-- DESCRIPTION OF THE TASK --
Starting at the line that has "This view is 35.4° wide." and stopping after the line that has "Answer as lines", reproduce the listing below exactly; omit everything else.

§

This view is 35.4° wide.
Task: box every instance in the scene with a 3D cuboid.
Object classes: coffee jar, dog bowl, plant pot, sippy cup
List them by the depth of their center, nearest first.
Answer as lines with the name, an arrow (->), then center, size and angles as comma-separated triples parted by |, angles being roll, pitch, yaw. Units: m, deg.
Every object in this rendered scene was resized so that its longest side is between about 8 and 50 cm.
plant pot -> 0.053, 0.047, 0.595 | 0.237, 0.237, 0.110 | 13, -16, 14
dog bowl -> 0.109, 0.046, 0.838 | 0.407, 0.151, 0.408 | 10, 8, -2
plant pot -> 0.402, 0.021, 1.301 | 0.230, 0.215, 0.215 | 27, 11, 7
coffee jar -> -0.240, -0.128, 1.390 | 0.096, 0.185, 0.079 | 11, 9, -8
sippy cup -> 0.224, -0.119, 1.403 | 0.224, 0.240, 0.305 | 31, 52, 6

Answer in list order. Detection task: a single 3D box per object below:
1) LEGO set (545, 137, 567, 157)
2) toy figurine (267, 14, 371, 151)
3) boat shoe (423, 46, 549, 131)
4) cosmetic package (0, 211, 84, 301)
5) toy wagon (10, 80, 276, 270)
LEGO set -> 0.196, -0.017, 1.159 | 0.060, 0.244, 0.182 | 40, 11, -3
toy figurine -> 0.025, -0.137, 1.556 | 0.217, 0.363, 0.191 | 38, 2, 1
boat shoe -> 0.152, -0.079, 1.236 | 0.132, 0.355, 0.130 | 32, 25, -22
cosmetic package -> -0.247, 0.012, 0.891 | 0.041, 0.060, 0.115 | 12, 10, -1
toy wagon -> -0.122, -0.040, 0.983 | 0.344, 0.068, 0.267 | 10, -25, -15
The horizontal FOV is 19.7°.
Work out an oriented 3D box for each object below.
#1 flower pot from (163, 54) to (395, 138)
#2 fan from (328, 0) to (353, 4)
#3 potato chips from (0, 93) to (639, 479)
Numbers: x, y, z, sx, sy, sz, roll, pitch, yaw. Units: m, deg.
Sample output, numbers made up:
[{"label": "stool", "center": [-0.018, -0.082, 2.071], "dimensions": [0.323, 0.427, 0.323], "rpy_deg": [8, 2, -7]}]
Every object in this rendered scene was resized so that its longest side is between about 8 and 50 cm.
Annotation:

§

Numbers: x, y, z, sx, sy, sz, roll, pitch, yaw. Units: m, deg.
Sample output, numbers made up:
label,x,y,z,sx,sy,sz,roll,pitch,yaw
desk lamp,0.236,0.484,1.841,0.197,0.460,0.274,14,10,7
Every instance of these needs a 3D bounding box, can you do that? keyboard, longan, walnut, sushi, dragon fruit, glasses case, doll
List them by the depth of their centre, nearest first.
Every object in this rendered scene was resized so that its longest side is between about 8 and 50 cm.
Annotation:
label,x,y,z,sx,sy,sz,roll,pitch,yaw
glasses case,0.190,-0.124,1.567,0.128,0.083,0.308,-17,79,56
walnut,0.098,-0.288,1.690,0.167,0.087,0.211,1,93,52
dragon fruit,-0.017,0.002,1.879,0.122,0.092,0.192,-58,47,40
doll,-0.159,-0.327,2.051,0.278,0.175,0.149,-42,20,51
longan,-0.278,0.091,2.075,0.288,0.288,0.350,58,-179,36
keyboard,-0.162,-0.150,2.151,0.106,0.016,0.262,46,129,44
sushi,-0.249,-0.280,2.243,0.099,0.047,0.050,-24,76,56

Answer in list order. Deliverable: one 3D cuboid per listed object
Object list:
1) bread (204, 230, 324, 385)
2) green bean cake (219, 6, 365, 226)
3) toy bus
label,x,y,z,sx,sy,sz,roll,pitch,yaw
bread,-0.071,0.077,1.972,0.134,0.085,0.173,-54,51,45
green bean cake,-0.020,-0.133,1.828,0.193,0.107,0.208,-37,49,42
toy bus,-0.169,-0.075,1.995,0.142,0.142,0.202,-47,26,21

§

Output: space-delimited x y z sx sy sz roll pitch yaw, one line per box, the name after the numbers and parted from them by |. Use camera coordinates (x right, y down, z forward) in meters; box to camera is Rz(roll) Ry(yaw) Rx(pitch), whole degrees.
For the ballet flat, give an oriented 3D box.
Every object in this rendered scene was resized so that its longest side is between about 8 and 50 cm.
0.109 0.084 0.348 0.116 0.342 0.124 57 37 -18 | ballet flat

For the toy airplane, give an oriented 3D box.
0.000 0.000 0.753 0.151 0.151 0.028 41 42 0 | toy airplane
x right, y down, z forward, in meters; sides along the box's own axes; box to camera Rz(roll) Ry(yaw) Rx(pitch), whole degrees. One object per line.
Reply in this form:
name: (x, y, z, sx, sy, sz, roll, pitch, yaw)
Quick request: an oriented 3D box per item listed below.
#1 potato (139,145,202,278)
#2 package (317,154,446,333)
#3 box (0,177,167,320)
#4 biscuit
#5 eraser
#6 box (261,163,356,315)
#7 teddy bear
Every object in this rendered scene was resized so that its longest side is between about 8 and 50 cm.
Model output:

§

-- OUTPUT --
This view is 35.4° wide.
Task: box every instance in the scene with a 3D cuboid.
Object classes: coffee jar, dog bowl, plant pot, sippy cup
List them by the depth of their center, nearest first.
Answer as lines with the name, an arrow (->), then center, size and angles as comma-separated triples parted by |, angles being roll, pitch, yaw. Units: m, deg.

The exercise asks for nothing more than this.